男人深深地合了合眼,雙唇雖然抿得微微發白,眼中卻慢慢恢複平日的堅定……亦或是逼迫自己穩住心神不去動搖。他不相信何珊真的會拿身份來壓他,或像他人一般露出嘲諷而鄙夷的神情。卻又不敢真的去看,而是握着拳頭将視線落在她的腳邊。
但何珊的視線卻沒有在他身上停留,反倒走過去勾起成憐的下巴,傾□子柔聲說道,“你不會不知道吧,你的大哥現在是個什麽身份。”
成憐哆嗦了一下,別開視線小聲地說,“大……大哥無論變成什麽,都……都是小憐的大哥。”
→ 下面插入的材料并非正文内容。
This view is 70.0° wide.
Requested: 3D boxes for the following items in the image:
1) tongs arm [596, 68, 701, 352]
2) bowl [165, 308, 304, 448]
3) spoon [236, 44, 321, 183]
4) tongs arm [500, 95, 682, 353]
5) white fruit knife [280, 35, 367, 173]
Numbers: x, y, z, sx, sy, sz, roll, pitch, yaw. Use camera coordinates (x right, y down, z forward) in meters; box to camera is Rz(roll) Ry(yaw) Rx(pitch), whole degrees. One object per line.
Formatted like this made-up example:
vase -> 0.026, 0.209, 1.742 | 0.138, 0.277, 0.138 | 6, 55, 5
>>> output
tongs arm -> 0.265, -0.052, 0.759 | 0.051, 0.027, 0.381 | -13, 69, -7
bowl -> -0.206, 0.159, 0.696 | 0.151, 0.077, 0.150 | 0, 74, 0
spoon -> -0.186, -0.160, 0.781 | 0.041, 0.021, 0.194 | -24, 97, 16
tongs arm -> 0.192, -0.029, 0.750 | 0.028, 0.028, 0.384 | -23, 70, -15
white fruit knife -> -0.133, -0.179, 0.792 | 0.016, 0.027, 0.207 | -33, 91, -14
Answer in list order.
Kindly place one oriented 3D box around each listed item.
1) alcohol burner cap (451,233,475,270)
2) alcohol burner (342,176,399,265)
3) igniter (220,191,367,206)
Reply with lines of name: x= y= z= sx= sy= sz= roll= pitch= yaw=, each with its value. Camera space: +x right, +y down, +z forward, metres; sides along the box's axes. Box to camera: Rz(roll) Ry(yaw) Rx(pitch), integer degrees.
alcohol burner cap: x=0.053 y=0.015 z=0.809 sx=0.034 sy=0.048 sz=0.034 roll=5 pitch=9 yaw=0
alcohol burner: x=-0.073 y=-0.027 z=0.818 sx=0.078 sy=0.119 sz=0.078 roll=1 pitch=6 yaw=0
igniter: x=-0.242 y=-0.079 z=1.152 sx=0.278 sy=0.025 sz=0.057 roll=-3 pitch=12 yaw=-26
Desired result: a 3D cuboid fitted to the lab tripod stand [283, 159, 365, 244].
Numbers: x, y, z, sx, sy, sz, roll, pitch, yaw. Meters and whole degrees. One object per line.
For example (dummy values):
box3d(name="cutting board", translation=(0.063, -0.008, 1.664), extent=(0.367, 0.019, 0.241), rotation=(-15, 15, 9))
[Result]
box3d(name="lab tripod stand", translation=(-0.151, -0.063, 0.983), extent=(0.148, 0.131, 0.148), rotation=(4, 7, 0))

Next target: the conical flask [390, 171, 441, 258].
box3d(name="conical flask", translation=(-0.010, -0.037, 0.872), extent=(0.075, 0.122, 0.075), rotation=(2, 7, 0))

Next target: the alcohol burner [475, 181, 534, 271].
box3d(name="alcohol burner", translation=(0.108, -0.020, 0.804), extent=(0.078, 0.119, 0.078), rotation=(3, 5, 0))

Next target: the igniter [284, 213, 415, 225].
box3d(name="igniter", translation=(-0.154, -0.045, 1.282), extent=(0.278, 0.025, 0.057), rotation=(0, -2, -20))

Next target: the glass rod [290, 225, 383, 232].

“哦——?”何珊揚眉退開,微笑地拿出黑色的鞭子,帶上女王稱號的她似乎瞬間高大了數倍,壓得兩人喘不上氣來。“啪”的一聲,長鞭打在不遠處的樹上,一片片綠葉因為震動而飄落下來,同時還有栖息在此處鳥雀被驚走時發出的鳴叫,“那剛才躲在這裏的黑衣人為什麽走了呢?你悄悄打的手勢又是什麽意思?”
聽到這裏,成桐突然也明白了。他皺着眉與成憐分開一些,只見那楚楚可憐的面容已經換成憤恨的表情。她滿臉不悅地盯着何珊,因威壓的緣故、額上已經冒了一層薄汗。
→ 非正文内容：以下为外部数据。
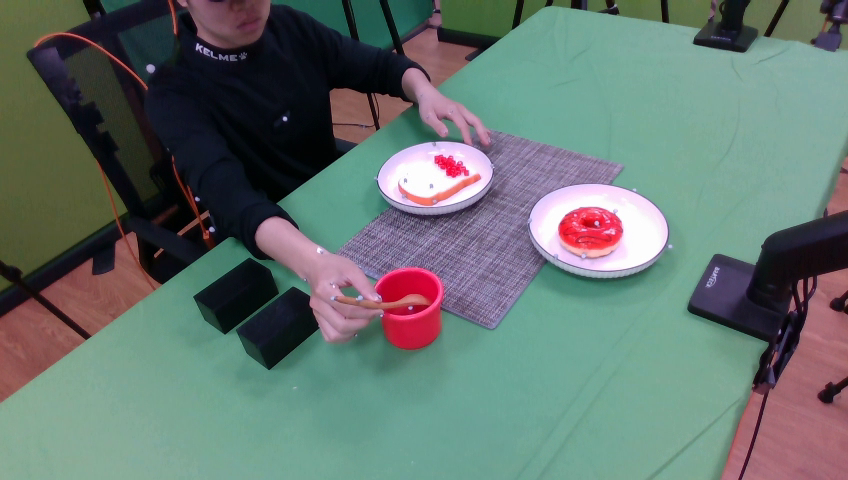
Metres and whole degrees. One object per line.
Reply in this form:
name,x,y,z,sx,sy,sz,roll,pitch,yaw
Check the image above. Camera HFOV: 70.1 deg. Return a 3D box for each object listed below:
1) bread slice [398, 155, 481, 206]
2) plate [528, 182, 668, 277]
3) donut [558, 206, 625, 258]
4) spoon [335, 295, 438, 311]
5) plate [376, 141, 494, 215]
bread slice,0.021,-0.106,1.077,0.132,0.019,0.104,-31,46,-29
plate,0.264,-0.014,0.933,0.207,0.039,0.206,-3,42,3
donut,0.254,-0.015,0.917,0.099,0.048,0.098,-5,41,5
spoon,-0.043,0.082,0.771,0.041,0.021,0.195,19,7,35
plate,0.021,-0.106,1.073,0.209,0.038,0.208,-4,40,4
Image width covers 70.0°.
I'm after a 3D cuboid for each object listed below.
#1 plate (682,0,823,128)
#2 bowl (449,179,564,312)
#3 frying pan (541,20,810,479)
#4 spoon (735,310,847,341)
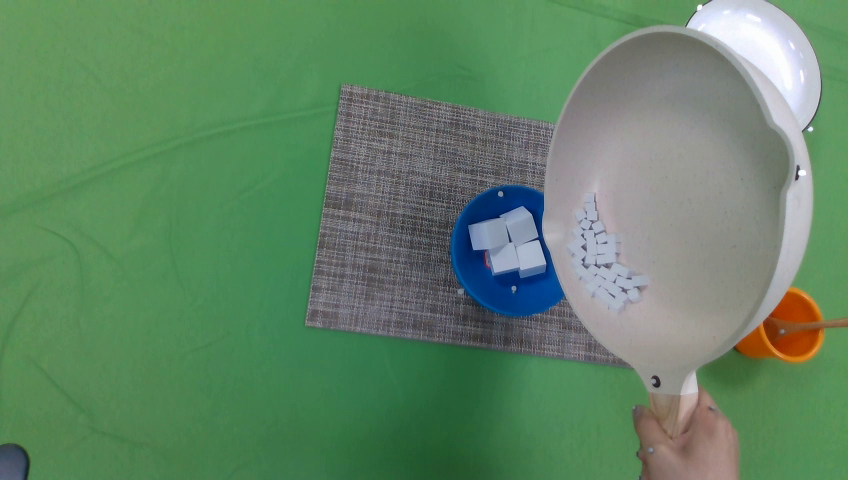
[{"bbox_3d":[0.416,-0.224,0.790,0.208,0.039,0.207,2,81,-10],"label":"plate"},{"bbox_3d":[0.095,0.012,0.707,0.152,0.077,0.150,2,79,-10],"label":"bowl"},{"bbox_3d":[0.207,0.064,0.526,0.103,0.306,0.486,4,82,-19],"label":"frying pan"},{"bbox_3d":[0.478,0.095,0.735,0.022,0.193,0.041,7,74,-55],"label":"spoon"}]
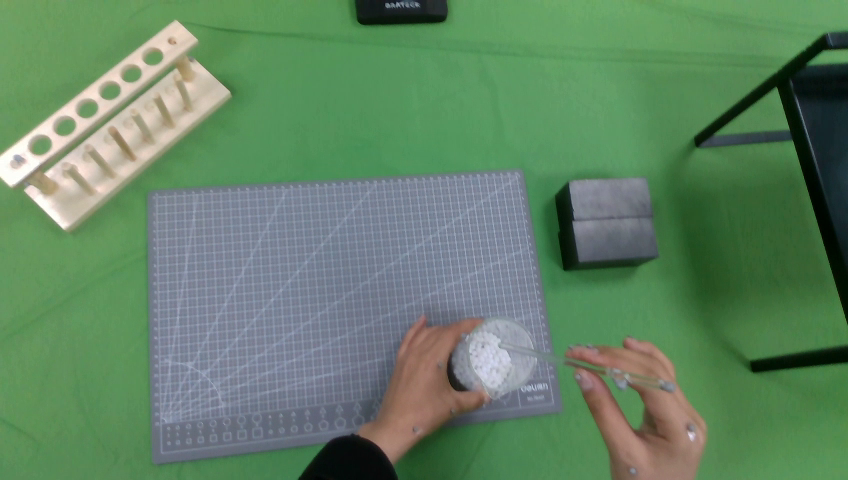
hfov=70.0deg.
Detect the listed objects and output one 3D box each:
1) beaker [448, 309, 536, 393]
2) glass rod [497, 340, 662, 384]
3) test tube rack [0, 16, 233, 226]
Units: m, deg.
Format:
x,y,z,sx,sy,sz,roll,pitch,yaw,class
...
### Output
x,y,z,sx,sy,sz,roll,pitch,yaw,class
0.068,0.124,0.649,0.074,0.100,0.083,13,73,-5,beaker
0.101,0.087,0.444,0.008,0.199,0.008,1,87,-21,glass rod
-0.333,-0.130,0.669,0.066,0.085,0.242,43,74,5,test tube rack
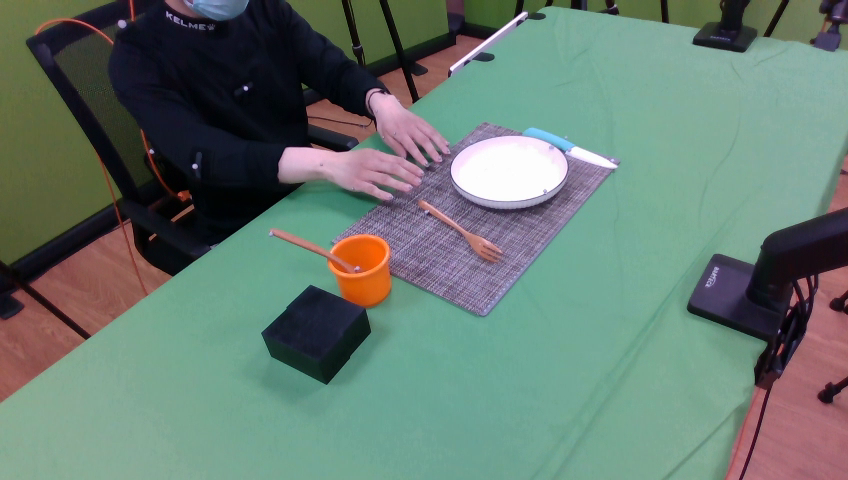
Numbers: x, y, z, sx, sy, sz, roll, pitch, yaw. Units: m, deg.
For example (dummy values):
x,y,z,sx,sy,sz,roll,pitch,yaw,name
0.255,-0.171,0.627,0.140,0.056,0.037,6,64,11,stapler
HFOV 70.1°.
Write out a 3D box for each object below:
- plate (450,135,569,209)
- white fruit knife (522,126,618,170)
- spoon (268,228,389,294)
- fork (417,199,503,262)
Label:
x,y,z,sx,sy,sz,roll,pitch,yaw,name
0.149,-0.117,1.065,0.209,0.038,0.208,-4,41,4,plate
0.272,-0.172,1.132,0.205,0.016,0.027,32,82,34,white fruit knife
-0.132,0.027,0.859,0.021,0.195,0.041,-39,31,33,spoon
0.053,-0.021,0.981,0.019,0.028,0.205,1,26,-41,fork
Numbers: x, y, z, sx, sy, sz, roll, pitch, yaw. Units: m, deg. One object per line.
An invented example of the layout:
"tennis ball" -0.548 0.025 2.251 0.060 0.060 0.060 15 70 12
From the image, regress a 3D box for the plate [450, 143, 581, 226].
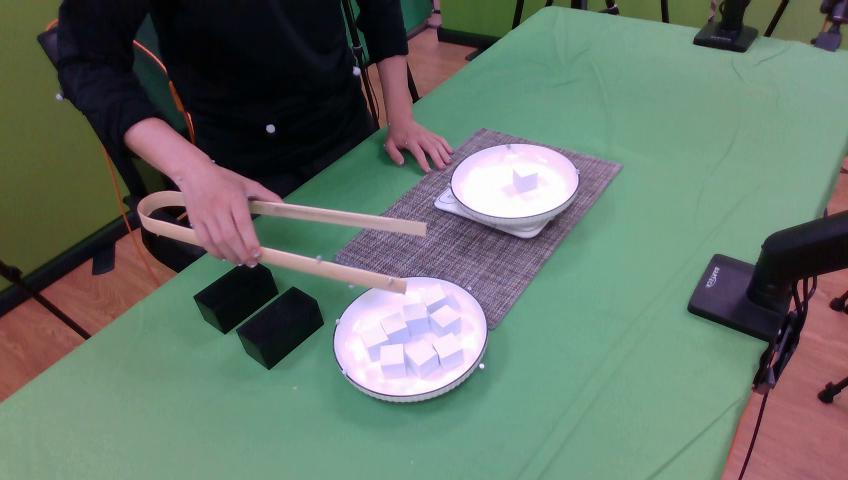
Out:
"plate" 0.148 -0.087 0.986 0.209 0.038 0.208 -4 41 4

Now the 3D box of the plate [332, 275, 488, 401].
"plate" -0.017 0.131 0.808 0.207 0.039 0.206 -4 41 4

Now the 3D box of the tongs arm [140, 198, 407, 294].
"tongs arm" -0.202 0.006 0.791 0.384 0.026 0.050 12 46 8

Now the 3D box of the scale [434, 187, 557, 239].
"scale" 0.132 -0.075 1.025 0.199 0.032 0.149 22 48 30

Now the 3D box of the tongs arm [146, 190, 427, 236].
"tongs arm" -0.188 -0.035 0.836 0.387 0.028 0.028 7 49 3

“你、你想怎麽樣?”成憐抓着衣擺,盡量讓自己的聲音不至于發抖。而何珊根本懶得搭理她,從道具包裏扯出根繩子就要将她綁起來。
“危險!”
就在這時候,成桐突然大吼一聲向何珊撲了過去。體力3防禦2的何姑娘覺得自己的血條“嗖”地降成了警戒的紅色,她抽着嘴角想将成桐從身上弄下去,卻意外地聞到了淡淡的血味。
壓在她身上的成桐似乎努力了好幾次才艱難地支起身體,嘴角挂上了一抹鮮紅。何珊心裏“咯噔”一聲、她慢慢地坐起來,側身去看男人的狀況,由于姿勢的改變男人低低痛哼了一聲、雙手再也撐不住身體向另側歪倒下去。
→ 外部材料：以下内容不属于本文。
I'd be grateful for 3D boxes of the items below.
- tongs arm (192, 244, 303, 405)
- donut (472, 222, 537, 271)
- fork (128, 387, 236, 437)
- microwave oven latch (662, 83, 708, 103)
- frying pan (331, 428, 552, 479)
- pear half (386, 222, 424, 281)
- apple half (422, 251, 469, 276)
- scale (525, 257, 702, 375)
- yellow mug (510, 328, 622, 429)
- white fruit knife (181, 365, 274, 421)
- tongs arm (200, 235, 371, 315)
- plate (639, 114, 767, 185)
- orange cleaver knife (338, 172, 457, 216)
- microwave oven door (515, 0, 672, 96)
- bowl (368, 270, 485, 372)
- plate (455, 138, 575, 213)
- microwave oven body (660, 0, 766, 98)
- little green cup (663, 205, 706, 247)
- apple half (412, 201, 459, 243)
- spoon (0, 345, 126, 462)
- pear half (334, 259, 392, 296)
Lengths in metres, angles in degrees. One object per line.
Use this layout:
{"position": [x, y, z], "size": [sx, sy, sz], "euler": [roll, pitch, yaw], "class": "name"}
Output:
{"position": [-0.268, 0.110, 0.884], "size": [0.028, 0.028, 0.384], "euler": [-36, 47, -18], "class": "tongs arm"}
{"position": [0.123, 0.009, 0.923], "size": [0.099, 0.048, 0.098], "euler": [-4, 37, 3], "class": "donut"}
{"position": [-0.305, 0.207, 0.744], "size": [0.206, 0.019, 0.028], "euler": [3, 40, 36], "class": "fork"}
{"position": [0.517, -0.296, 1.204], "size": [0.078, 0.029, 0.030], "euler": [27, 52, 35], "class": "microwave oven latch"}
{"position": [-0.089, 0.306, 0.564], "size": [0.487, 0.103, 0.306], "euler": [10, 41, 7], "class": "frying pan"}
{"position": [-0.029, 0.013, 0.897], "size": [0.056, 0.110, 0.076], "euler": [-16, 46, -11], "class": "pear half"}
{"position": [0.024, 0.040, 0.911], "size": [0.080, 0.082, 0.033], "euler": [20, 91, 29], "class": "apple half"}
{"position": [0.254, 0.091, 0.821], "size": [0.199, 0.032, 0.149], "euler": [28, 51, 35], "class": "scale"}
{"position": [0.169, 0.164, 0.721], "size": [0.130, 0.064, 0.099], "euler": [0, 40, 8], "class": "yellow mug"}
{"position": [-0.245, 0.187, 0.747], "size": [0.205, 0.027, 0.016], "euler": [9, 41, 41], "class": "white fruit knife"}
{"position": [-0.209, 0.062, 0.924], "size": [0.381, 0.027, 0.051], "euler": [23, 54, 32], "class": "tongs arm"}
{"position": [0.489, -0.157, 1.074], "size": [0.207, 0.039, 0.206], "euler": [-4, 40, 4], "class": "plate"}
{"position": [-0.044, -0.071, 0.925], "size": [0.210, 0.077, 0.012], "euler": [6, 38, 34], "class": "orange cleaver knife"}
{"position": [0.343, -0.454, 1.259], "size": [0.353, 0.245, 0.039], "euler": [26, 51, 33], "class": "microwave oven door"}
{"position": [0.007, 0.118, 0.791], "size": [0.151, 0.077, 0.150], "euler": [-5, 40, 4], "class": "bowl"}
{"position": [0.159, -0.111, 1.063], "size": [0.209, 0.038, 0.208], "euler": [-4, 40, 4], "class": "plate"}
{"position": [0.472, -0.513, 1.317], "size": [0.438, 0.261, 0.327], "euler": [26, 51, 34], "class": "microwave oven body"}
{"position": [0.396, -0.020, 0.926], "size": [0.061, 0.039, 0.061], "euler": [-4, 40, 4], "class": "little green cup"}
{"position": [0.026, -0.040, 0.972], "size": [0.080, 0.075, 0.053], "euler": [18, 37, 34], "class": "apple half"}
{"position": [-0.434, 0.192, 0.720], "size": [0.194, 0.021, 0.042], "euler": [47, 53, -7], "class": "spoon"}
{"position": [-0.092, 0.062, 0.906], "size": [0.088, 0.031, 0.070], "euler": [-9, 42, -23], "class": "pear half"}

“成桐!”何珊連忙将他扶住,直到此時她才終于看見那傷到男人身體的東西。那是一根木制的箭羽,與普通的箭羽并無區別,然而它深深地紮進了成桐的後背,猩紅的鮮血從破口處冒了出來,慢慢地滲透裏衣染了藍灰的外衫,而那個刺目的位置之下……則正是男人左胸跳動的地方。
噗通,噗通……何珊能聽到自己的心跳,她的嘴唇微微顫抖,面上也變得一片慘白。然後她看到斜前方的樹上有個黑影跳了下來,他拿着長弓、而屋院的後門也被從裏頭推了開來。為首的是一個身穿白衣的俊美男子,在他身後的那些衣着則與方才樹上的并無不同。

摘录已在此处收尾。